■ WHAT NEEDS TO BE DONE
Verbatim copy without pictures. Please print every entry as it stands.

DATASET RECORDS START

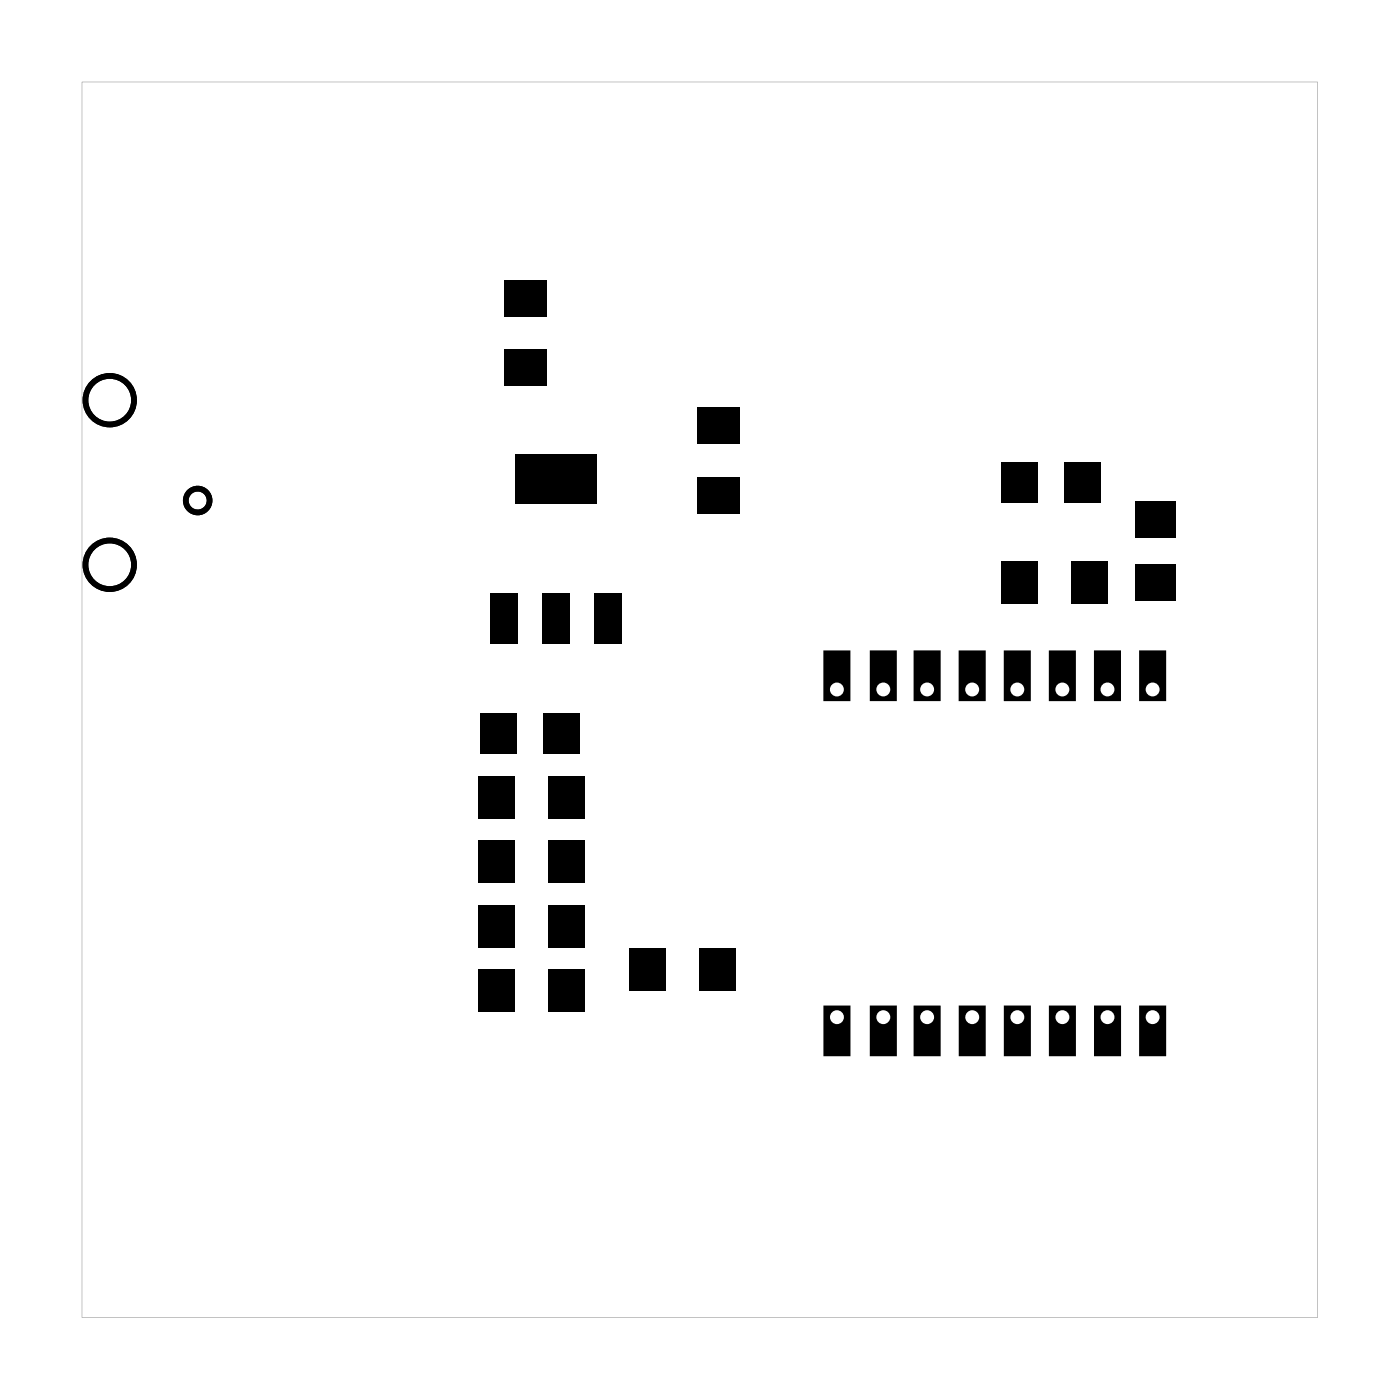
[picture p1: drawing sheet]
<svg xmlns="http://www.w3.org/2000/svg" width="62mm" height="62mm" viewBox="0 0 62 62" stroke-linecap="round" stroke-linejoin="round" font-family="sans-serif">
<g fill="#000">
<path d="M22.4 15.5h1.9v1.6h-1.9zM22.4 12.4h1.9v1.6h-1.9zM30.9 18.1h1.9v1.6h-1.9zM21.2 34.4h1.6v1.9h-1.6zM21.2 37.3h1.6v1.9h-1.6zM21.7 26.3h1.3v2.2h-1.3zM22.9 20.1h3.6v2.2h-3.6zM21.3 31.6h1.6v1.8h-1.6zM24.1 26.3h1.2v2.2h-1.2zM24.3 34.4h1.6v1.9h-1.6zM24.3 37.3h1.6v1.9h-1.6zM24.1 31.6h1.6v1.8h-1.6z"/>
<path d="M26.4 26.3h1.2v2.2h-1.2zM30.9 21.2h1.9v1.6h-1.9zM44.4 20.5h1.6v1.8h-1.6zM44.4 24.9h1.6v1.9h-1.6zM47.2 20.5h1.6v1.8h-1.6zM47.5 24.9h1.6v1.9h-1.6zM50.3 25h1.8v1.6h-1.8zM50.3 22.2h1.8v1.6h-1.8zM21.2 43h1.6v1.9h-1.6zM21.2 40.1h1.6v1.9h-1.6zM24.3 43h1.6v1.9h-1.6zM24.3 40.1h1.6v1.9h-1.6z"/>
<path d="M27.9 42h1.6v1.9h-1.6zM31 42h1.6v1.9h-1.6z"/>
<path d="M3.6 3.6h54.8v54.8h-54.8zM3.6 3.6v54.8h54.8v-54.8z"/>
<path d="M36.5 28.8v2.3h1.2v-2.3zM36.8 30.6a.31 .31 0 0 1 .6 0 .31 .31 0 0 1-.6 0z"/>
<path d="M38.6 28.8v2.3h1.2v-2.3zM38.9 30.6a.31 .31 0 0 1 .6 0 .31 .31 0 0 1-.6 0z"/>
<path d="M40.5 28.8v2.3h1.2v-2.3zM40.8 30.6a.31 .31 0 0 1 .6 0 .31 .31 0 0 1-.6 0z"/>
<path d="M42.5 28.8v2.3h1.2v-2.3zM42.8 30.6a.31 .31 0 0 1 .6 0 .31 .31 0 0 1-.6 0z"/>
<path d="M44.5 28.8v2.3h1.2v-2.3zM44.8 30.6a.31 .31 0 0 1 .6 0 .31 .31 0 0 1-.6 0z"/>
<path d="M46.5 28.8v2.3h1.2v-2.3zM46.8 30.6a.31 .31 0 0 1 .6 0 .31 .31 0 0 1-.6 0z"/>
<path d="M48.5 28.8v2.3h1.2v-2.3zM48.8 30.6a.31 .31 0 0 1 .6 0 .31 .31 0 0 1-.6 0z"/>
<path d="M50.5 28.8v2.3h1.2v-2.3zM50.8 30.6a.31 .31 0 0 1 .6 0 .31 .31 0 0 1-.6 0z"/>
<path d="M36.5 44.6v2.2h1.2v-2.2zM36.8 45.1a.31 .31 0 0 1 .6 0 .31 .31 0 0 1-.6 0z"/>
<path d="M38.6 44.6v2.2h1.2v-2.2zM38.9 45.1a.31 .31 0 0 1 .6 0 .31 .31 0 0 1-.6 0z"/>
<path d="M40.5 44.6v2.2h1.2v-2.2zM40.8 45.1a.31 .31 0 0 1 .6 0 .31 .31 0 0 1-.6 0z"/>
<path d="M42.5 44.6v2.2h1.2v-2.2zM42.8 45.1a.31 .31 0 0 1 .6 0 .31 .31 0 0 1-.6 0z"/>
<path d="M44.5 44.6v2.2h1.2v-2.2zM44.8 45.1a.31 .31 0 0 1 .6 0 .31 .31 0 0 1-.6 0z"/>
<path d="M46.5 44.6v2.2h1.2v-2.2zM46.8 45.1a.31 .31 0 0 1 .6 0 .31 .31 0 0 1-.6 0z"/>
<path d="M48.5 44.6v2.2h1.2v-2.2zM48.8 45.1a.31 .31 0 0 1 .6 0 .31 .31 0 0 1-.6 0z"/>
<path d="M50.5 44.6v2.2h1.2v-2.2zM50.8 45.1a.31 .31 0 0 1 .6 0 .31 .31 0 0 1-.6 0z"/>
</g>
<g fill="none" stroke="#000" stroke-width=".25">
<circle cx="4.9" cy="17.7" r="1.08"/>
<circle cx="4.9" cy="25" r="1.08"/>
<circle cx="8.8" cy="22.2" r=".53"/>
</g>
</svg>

DATASET RECORDS END

■ OUTPUT BELOW
[picture p1: drawing sheet]
<svg xmlns="http://www.w3.org/2000/svg" width="62mm" height="62mm" viewBox="0 0 62 62" stroke-linecap="round" stroke-linejoin="round" font-family="sans-serif">
<g fill="#000">
<path d="M22.4 15.5h1.9v1.6h-1.9zM22.4 12.4h1.9v1.6h-1.9zM30.9 18.1h1.9v1.6h-1.9zM21.2 34.4h1.6v1.9h-1.6zM21.2 37.3h1.6v1.9h-1.6zM21.7 26.3h1.3v2.2h-1.3zM22.9 20.1h3.6v2.2h-3.6zM21.3 31.6h1.6v1.8h-1.6zM24.1 26.3h1.2v2.2h-1.2zM24.3 34.4h1.6v1.9h-1.6zM24.3 37.3h1.6v1.9h-1.6zM24.1 31.6h1.6v1.8h-1.6z"/>
<path d="M26.4 26.3h1.2v2.2h-1.2zM30.9 21.2h1.9v1.6h-1.9zM44.4 20.5h1.6v1.8h-1.6zM44.4 24.9h1.6v1.9h-1.6zM47.2 20.5h1.6v1.8h-1.6zM47.5 24.9h1.6v1.9h-1.6zM50.3 25h1.8v1.6h-1.8zM50.3 22.2h1.8v1.6h-1.8zM21.2 43h1.6v1.9h-1.6zM21.2 40.1h1.6v1.9h-1.6zM24.3 43h1.6v1.9h-1.6zM24.3 40.1h1.6v1.9h-1.6z"/>
<path d="M27.9 42h1.6v1.9h-1.6zM31 42h1.6v1.9h-1.6z"/>
<path d="M3.6 3.6h54.8v54.8h-54.8zM3.6 3.6v54.8h54.8v-54.8z"/>
<path d="M36.5 28.8v2.3h1.2v-2.3zM36.8 30.6a.31 .31 0 0 1 .6 0 .31 .31 0 0 1-.6 0z"/>
<path d="M38.6 28.8v2.3h1.2v-2.3zM38.9 30.6a.31 .31 0 0 1 .6 0 .31 .31 0 0 1-.6 0z"/>
<path d="M40.5 28.8v2.3h1.2v-2.3zM40.8 30.6a.31 .31 0 0 1 .6 0 .31 .31 0 0 1-.6 0z"/>
<path d="M42.5 28.8v2.3h1.2v-2.3zM42.8 30.6a.31 .31 0 0 1 .6 0 .31 .31 0 0 1-.6 0z"/>
<path d="M44.5 28.8v2.3h1.2v-2.3zM44.8 30.6a.31 .31 0 0 1 .6 0 .31 .31 0 0 1-.6 0z"/>
<path d="M46.5 28.8v2.3h1.2v-2.3zM46.8 30.6a.31 .31 0 0 1 .6 0 .31 .31 0 0 1-.6 0z"/>
<path d="M48.5 28.8v2.3h1.2v-2.3zM48.8 30.6a.31 .31 0 0 1 .6 0 .31 .31 0 0 1-.6 0z"/>
<path d="M50.5 28.8v2.3h1.2v-2.3zM50.8 30.6a.31 .31 0 0 1 .6 0 .31 .31 0 0 1-.6 0z"/>
<path d="M36.5 44.6v2.2h1.2v-2.2zM36.8 45.1a.31 .31 0 0 1 .6 0 .31 .31 0 0 1-.6 0z"/>
<path d="M38.6 44.6v2.2h1.2v-2.2zM38.9 45.1a.31 .31 0 0 1 .6 0 .31 .31 0 0 1-.6 0z"/>
<path d="M40.5 44.6v2.2h1.2v-2.2zM40.8 45.1a.31 .31 0 0 1 .6 0 .31 .31 0 0 1-.6 0z"/>
<path d="M42.5 44.6v2.2h1.2v-2.2zM42.8 45.1a.31 .31 0 0 1 .6 0 .31 .31 0 0 1-.6 0z"/>
<path d="M44.5 44.6v2.2h1.2v-2.2zM44.8 45.1a.31 .31 0 0 1 .6 0 .31 .31 0 0 1-.6 0z"/>
<path d="M46.5 44.6v2.2h1.2v-2.2zM46.8 45.1a.31 .31 0 0 1 .6 0 .31 .31 0 0 1-.6 0z"/>
<path d="M48.5 44.6v2.2h1.2v-2.2zM48.8 45.1a.31 .31 0 0 1 .6 0 .31 .31 0 0 1-.6 0z"/>
<path d="M50.5 44.6v2.2h1.2v-2.2zM50.8 45.1a.31 .31 0 0 1 .6 0 .31 .31 0 0 1-.6 0z"/>
</g>
<g fill="none" stroke="#000" stroke-width=".25">
<circle cx="4.9" cy="17.7" r="1.08"/>
<circle cx="4.9" cy="25" r="1.08"/>
<circle cx="8.8" cy="22.2" r=".53"/>
</g>
</svg>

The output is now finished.